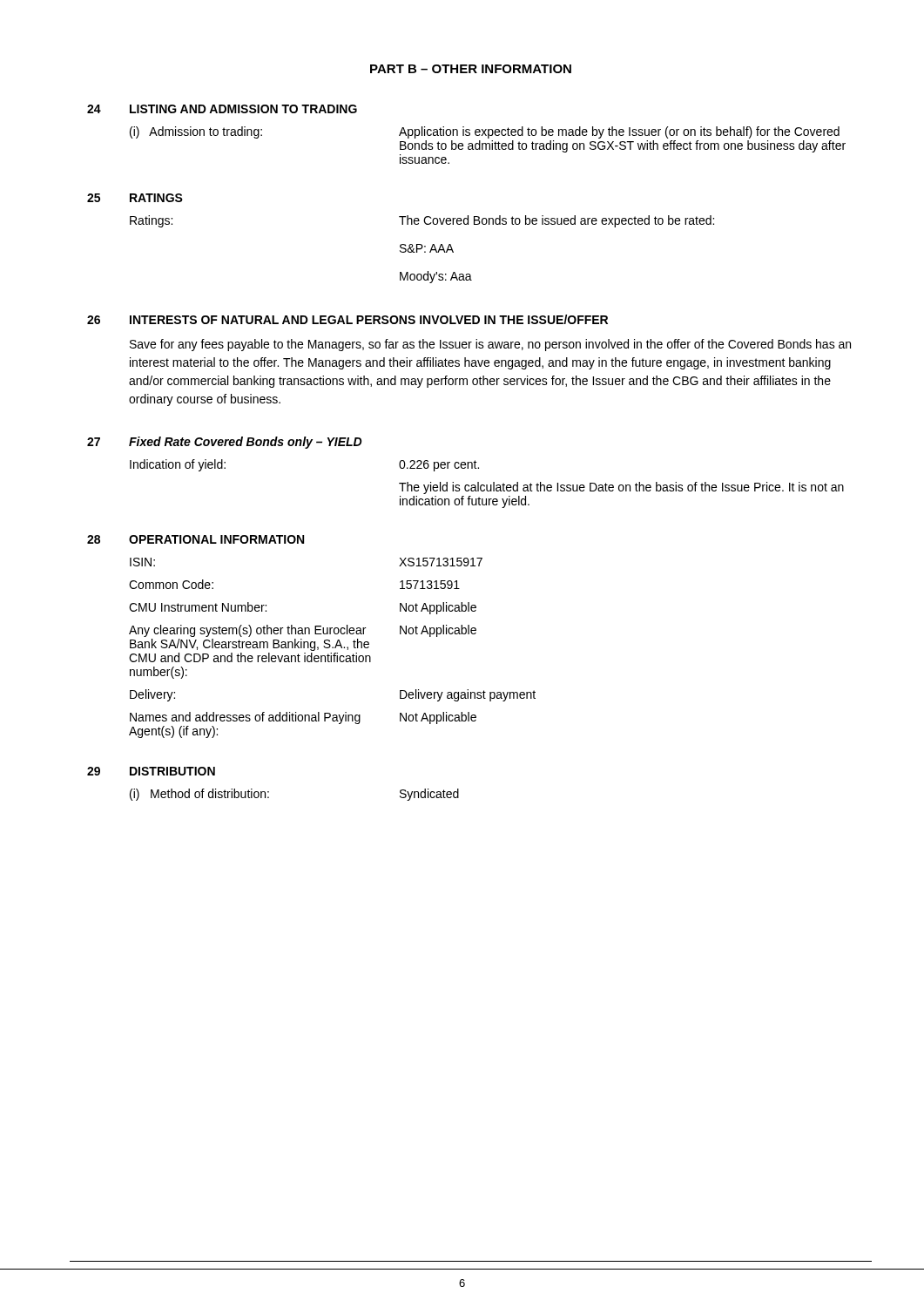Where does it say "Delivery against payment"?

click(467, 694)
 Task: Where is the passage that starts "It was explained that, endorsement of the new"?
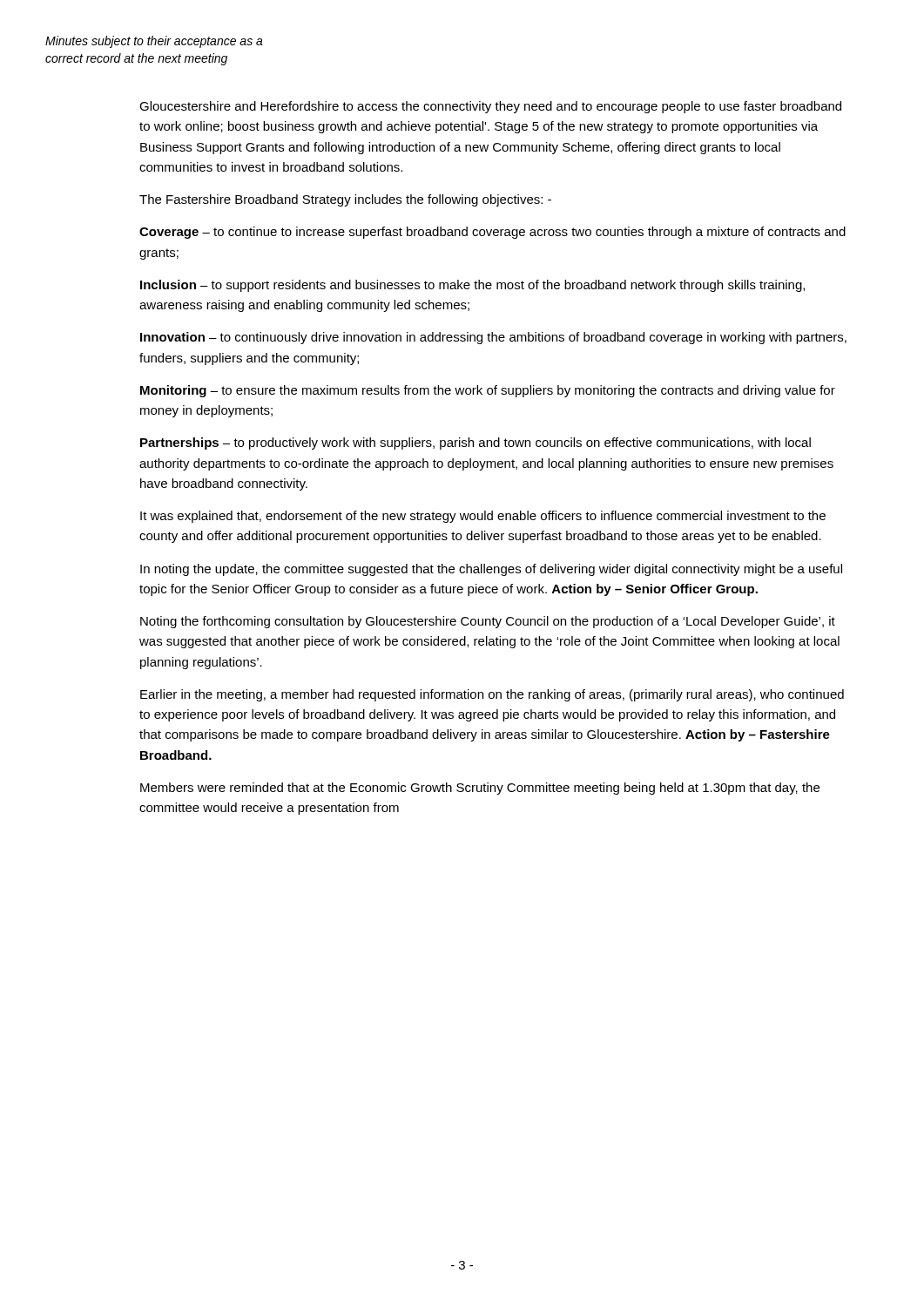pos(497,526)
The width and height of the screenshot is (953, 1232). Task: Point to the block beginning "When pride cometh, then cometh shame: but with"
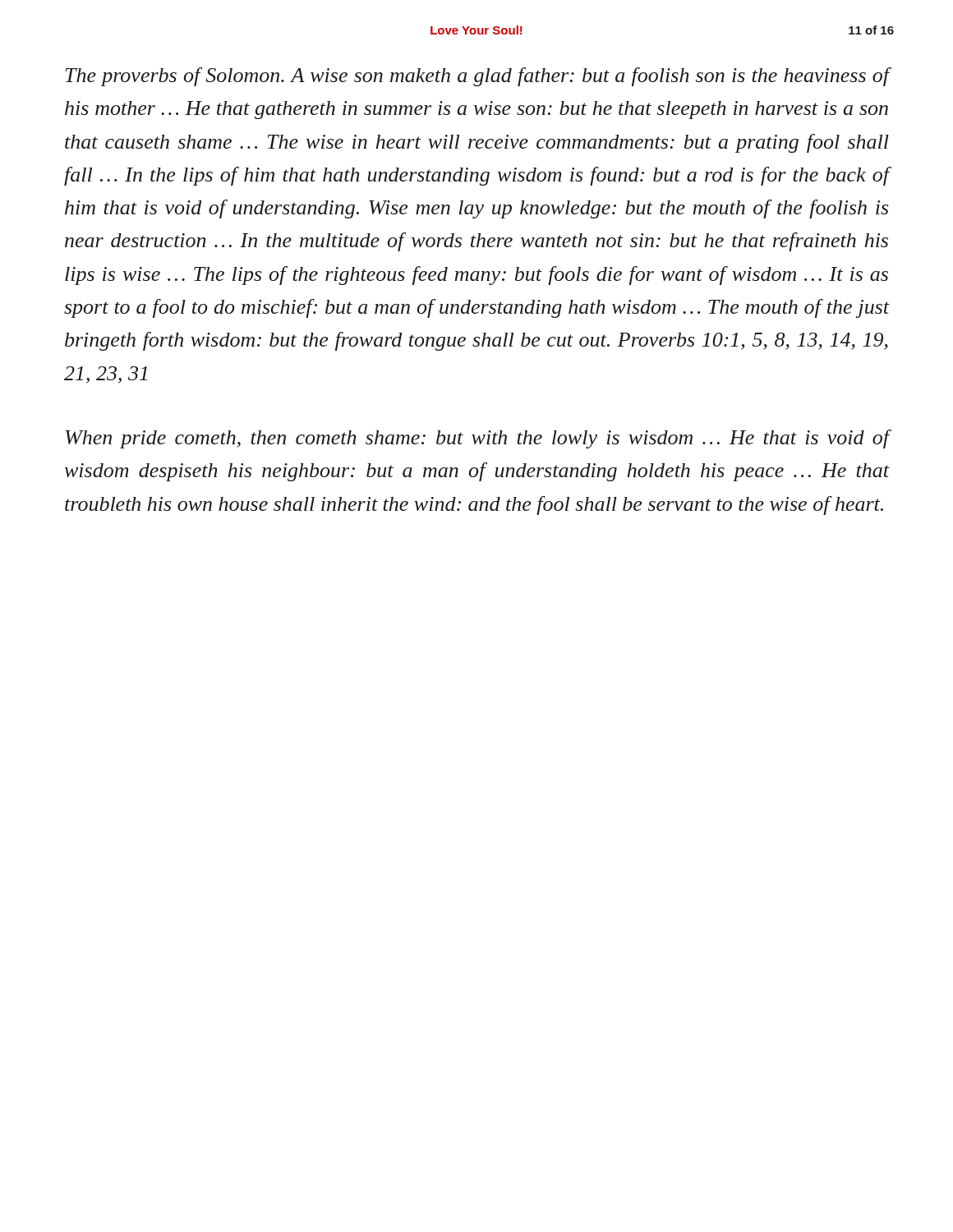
--
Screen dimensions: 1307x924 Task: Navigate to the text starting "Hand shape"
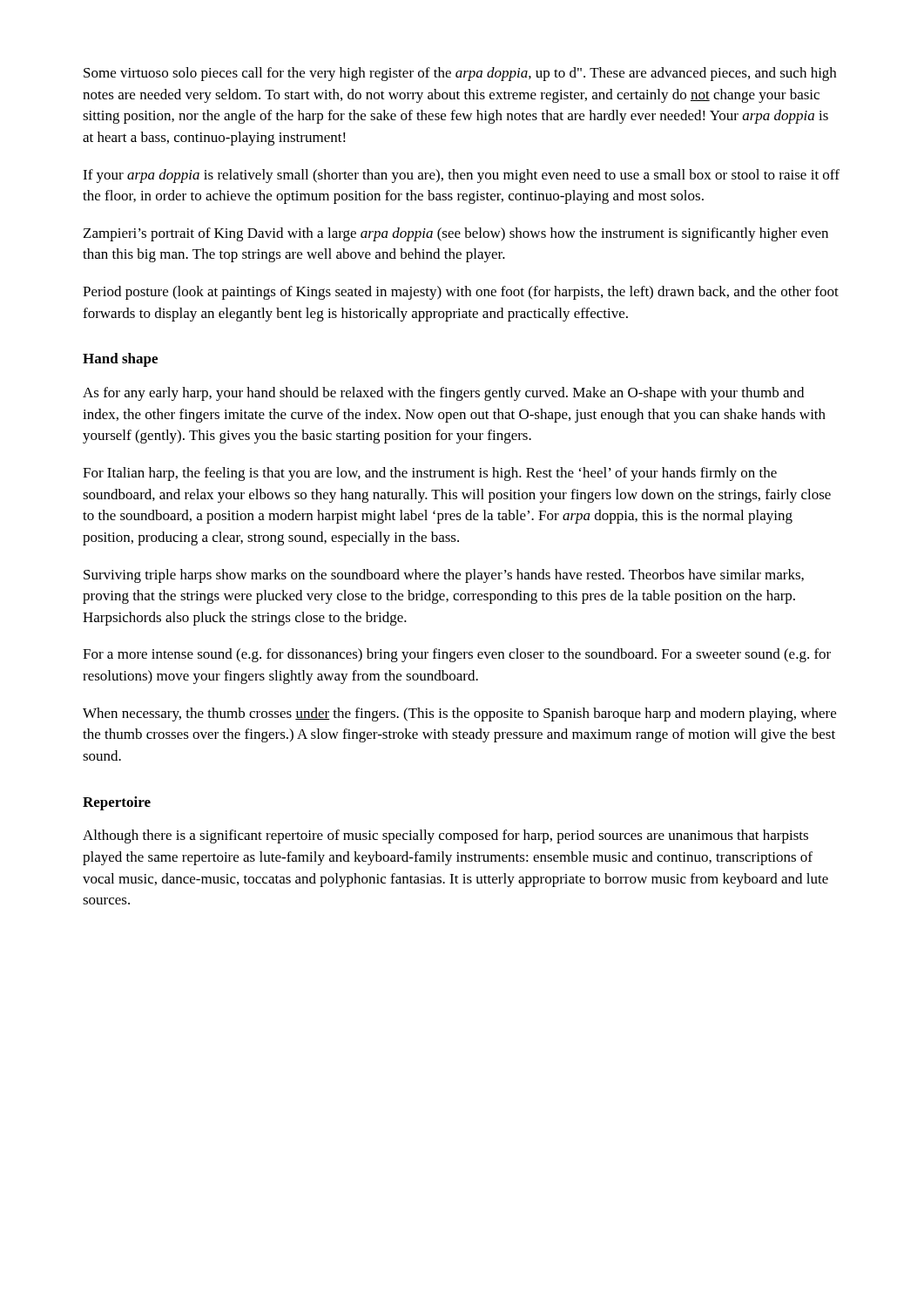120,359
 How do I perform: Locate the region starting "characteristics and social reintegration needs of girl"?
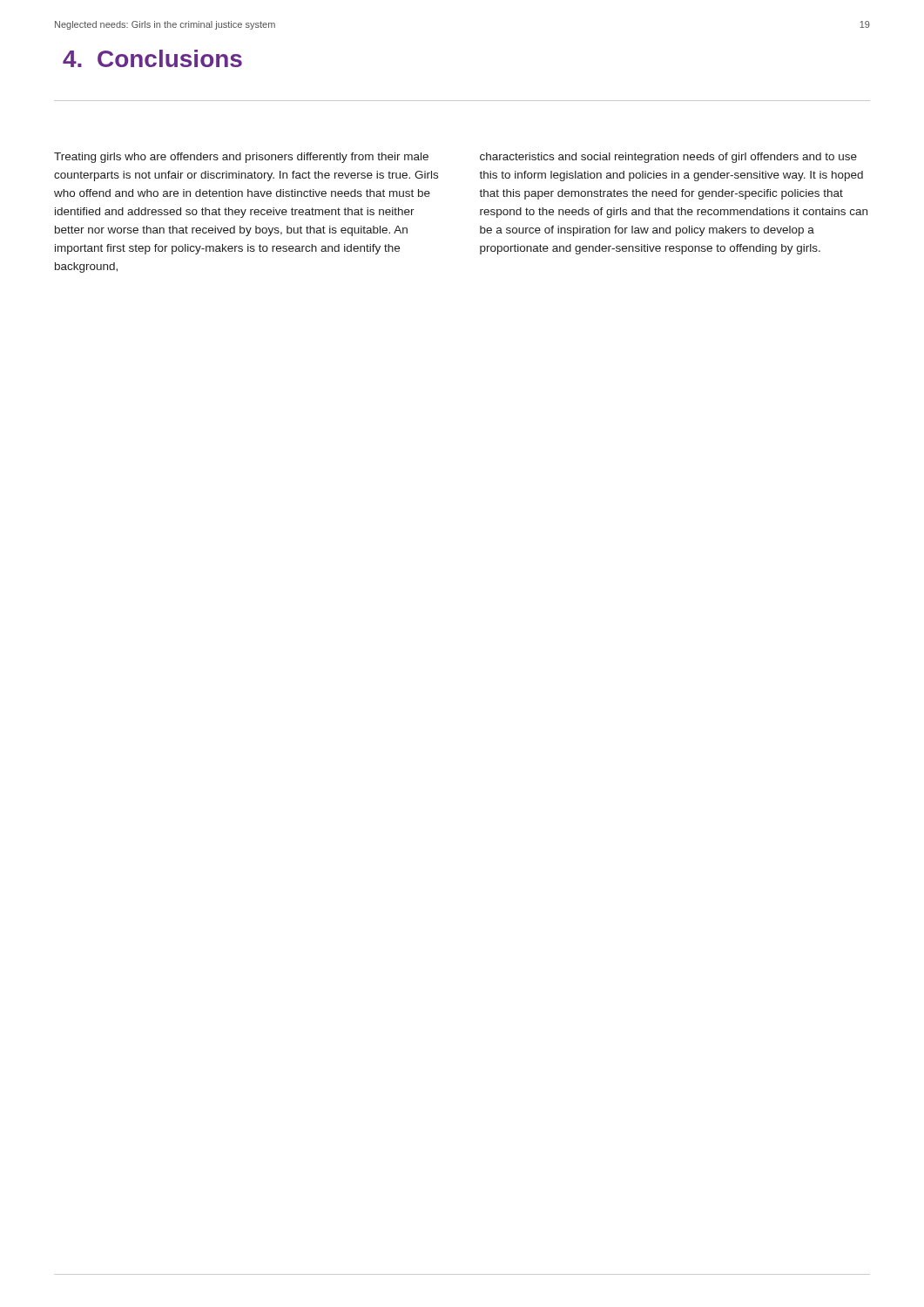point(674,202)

» **PROBLEM DETAILS**: Give again, exactly as written above, each line from the one that has "Task: Where is" to the one that has "The width and", both included; omit the pictures.

» **RESULT**:
 Task: Where is the passage that starts "It was explained that, endorsement of the new"?
pos(497,526)
The width and height of the screenshot is (953, 1232). Task: Point to the block beginning "When pride cometh, then cometh shame: but with"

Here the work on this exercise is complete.